- **EXERCISE**: In the entries below, find every line with the string "figures" and copy it.
** EXTRACTED INFORMATION follows **
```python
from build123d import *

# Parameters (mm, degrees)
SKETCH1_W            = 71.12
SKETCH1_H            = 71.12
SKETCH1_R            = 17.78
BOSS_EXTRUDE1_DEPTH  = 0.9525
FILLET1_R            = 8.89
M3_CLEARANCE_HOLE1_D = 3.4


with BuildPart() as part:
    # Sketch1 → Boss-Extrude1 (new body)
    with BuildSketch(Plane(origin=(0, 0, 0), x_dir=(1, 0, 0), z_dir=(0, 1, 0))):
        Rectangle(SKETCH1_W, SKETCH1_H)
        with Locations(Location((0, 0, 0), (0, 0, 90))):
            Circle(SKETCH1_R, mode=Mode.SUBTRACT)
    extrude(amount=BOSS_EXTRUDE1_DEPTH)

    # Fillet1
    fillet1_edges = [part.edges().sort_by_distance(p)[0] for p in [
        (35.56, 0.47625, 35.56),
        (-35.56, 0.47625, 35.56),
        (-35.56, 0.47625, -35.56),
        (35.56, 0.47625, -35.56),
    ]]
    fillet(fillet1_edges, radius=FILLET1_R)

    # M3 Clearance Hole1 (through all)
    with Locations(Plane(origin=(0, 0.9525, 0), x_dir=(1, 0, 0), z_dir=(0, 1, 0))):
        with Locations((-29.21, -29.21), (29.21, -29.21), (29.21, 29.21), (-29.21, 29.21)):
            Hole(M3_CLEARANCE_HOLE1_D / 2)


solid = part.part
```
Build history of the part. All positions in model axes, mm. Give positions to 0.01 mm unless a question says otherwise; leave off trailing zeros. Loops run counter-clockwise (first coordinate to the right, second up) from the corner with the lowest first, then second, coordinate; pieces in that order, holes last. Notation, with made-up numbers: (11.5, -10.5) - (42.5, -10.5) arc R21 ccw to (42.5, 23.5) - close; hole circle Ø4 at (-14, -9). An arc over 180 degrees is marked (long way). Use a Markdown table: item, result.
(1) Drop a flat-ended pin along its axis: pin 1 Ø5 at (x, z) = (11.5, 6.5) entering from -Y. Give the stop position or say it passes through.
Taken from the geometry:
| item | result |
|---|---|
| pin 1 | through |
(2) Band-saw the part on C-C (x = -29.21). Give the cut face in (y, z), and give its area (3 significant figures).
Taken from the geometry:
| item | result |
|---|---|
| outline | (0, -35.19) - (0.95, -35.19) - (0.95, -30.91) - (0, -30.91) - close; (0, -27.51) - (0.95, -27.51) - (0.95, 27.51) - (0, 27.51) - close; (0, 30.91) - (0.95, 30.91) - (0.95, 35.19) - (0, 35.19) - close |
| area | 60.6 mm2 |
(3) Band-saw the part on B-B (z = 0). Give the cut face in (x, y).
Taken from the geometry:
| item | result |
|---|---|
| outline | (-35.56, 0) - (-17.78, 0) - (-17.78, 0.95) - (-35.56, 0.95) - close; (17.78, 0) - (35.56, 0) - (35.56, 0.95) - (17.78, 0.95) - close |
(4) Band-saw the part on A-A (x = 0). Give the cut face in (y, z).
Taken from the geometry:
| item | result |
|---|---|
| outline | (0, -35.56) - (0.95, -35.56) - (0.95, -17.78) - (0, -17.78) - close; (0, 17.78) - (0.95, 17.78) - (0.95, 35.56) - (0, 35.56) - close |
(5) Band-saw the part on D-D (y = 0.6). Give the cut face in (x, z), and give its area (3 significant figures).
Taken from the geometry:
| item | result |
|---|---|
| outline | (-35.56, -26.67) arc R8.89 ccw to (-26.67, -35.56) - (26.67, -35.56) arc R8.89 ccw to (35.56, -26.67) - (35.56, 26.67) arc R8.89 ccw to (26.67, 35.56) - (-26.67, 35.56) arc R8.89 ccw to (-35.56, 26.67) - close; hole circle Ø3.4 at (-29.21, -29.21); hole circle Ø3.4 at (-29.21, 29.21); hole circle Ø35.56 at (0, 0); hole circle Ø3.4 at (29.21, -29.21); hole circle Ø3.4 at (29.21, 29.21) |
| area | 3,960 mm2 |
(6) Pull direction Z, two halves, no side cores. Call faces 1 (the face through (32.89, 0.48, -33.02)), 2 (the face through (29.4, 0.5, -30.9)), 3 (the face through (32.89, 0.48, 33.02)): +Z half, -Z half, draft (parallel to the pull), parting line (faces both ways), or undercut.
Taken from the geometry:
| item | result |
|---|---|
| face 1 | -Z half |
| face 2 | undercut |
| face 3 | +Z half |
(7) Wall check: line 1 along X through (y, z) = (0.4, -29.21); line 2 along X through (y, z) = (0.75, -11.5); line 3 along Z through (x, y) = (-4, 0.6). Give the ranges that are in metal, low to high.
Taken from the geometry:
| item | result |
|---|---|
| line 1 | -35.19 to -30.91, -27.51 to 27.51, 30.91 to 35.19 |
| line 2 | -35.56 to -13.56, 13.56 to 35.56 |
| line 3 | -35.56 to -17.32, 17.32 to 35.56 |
** End of EXTRACTED INFORMATION **
- **SOLVED EXERCISE**:
(2) Band-saw the part on C-C (x = -29.21). Give the cut face in (y, z), and give its area (3 significant figures).
(5) Band-saw the part on D-D (y = 0.6). Give the cut face in (x, z), and give its area (3 significant figures).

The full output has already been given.